Material provided =
=-=-=-=-=

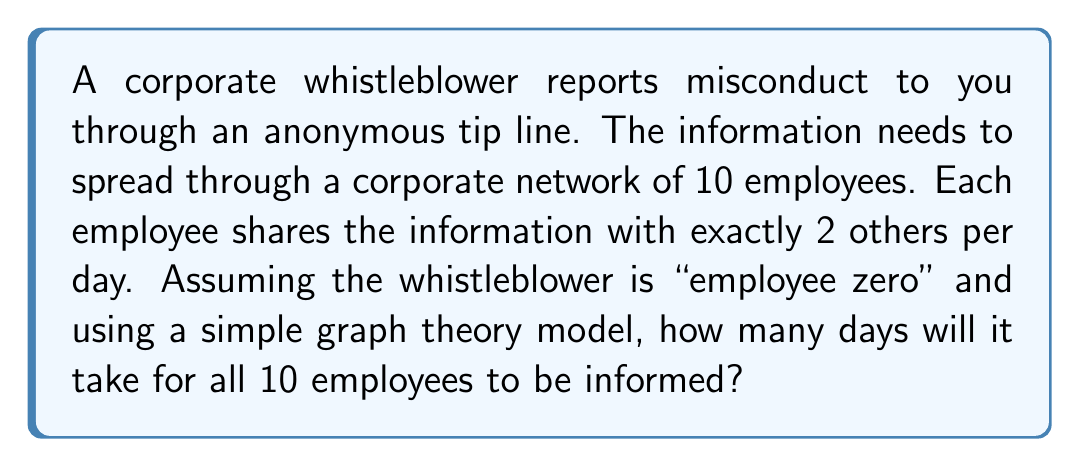What is the answer to this math problem? Let's approach this step-by-step using graph theory:

1) We can model this situation as a graph where employees are nodes and information sharing creates edges.

2) On day 0, only the whistleblower (employee zero) knows the information.

3) Let $I_n$ be the number of informed employees on day $n$.

4) Each day, every informed employee shares with 2 new people. However, we need to account for potential overlap.

5) The maximum number of newly informed employees on day $n$ is:

   $$\text{New}_n = \min(2I_{n-1}, 10 - I_{n-1})$$

6) Therefore, the recurrence relation is:

   $$I_n = I_{n-1} + \min(2I_{n-1}, 10 - I_{n-1})$$

7) Let's calculate day by day:

   Day 0: $I_0 = 1$ (whistleblower)
   Day 1: $I_1 = 1 + \min(2(1), 10-1) = 3$
   Day 2: $I_2 = 3 + \min(2(3), 10-3) = 7$
   Day 3: $I_3 = 7 + \min(2(7), 10-7) = 10$

8) On day 3, all 10 employees are informed.
Answer: 3 days 
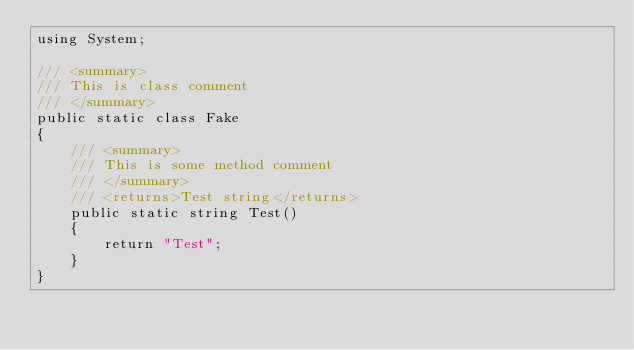Convert code to text. <code><loc_0><loc_0><loc_500><loc_500><_C#_>using System;
 
/// <summary>
/// This is class comment
/// </summary>
public static class Fake
{
    /// <summary>
    /// This is some method comment
    /// </summary>
    /// <returns>Test string</returns>
    public static string Test()
    {
        return "Test";
    }
}</code> 
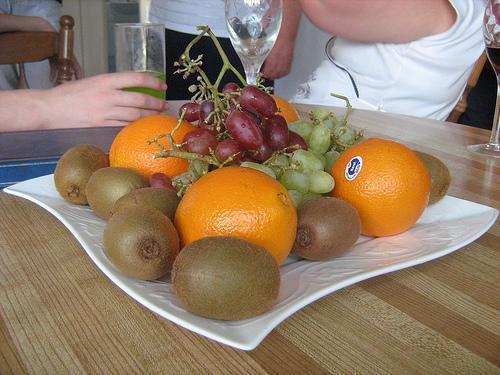How many people are there?
Give a very brief answer. 2. 
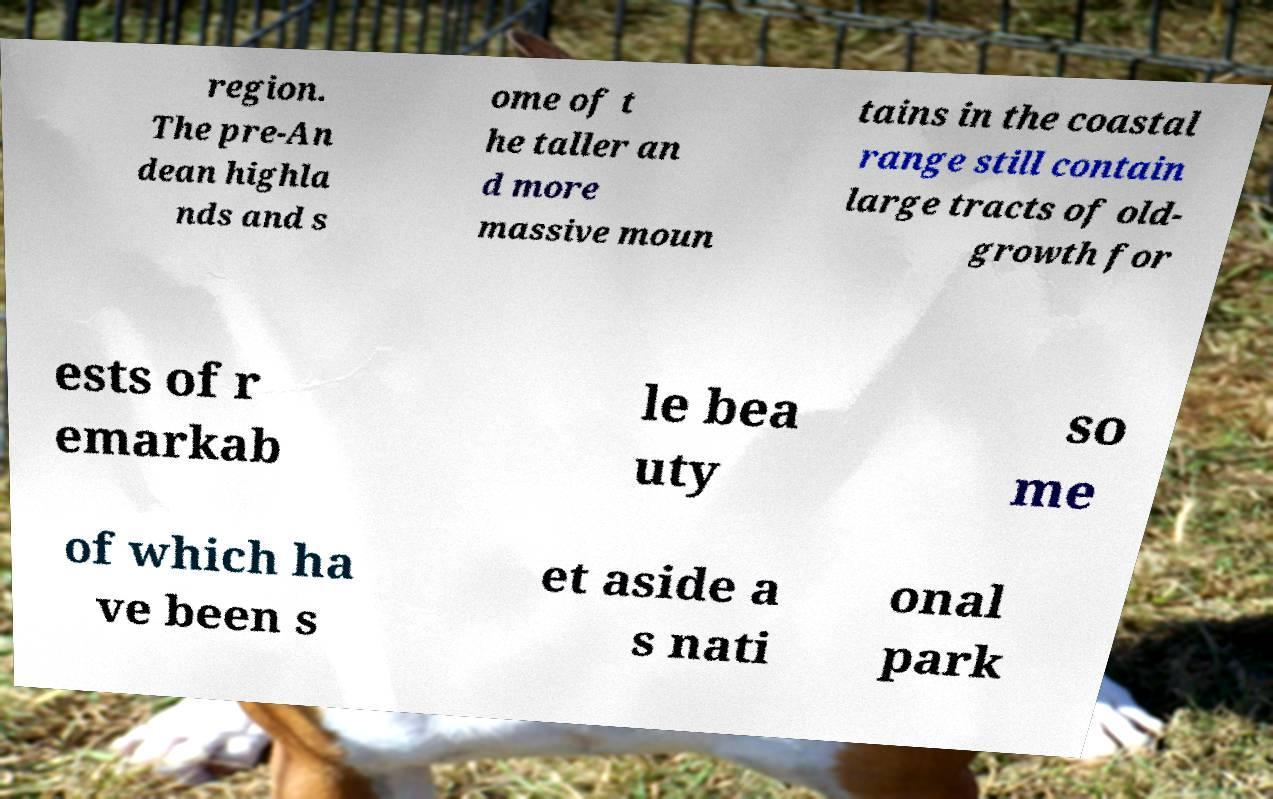Can you read and provide the text displayed in the image?This photo seems to have some interesting text. Can you extract and type it out for me? region. The pre-An dean highla nds and s ome of t he taller an d more massive moun tains in the coastal range still contain large tracts of old- growth for ests of r emarkab le bea uty so me of which ha ve been s et aside a s nati onal park 
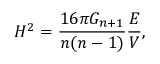<formula> <loc_0><loc_0><loc_500><loc_500>H ^ { 2 } = \frac { 1 6 \pi G _ { n + 1 } } { n ( n - 1 ) } \frac { E } { V } ,</formula>

=-=-=-=-=

Problem to work on = Print exactly the lines from the one containing "5) The maximum" through the last line of the records, both included, and leave out the pictures.

Your solution =
5) The maximum number of newly informed employees on day $n$ is:

   $$\text{New}_n = \min(2I_{n-1}, 10 - I_{n-1})$$

6) Therefore, the recurrence relation is:

   $$I_n = I_{n-1} + \min(2I_{n-1}, 10 - I_{n-1})$$

7) Let's calculate day by day:

   Day 0: $I_0 = 1$ (whistleblower)
   Day 1: $I_1 = 1 + \min(2(1), 10-1) = 3$
   Day 2: $I_2 = 3 + \min(2(3), 10-3) = 7$
   Day 3: $I_3 = 7 + \min(2(7), 10-7) = 10$

8) On day 3, all 10 employees are informed.
Answer: 3 days 
Convert code to text. <code><loc_0><loc_0><loc_500><loc_500><_C#_>using System;
 
/// <summary>
/// This is class comment
/// </summary>
public static class Fake
{
    /// <summary>
    /// This is some method comment
    /// </summary>
    /// <returns>Test string</returns>
    public static string Test()
    {
        return "Test";
    }
}</code> 
How many people are there?
Give a very brief answer. 2. 
Can you read and provide the text displayed in the image?This photo seems to have some interesting text. Can you extract and type it out for me? region. The pre-An dean highla nds and s ome of t he taller an d more massive moun tains in the coastal range still contain large tracts of old- growth for ests of r emarkab le bea uty so me of which ha ve been s et aside a s nati onal park 
<formula> <loc_0><loc_0><loc_500><loc_500>H ^ { 2 } = \frac { 1 6 \pi G _ { n + 1 } } { n ( n - 1 ) } \frac { E } { V } ,</formula>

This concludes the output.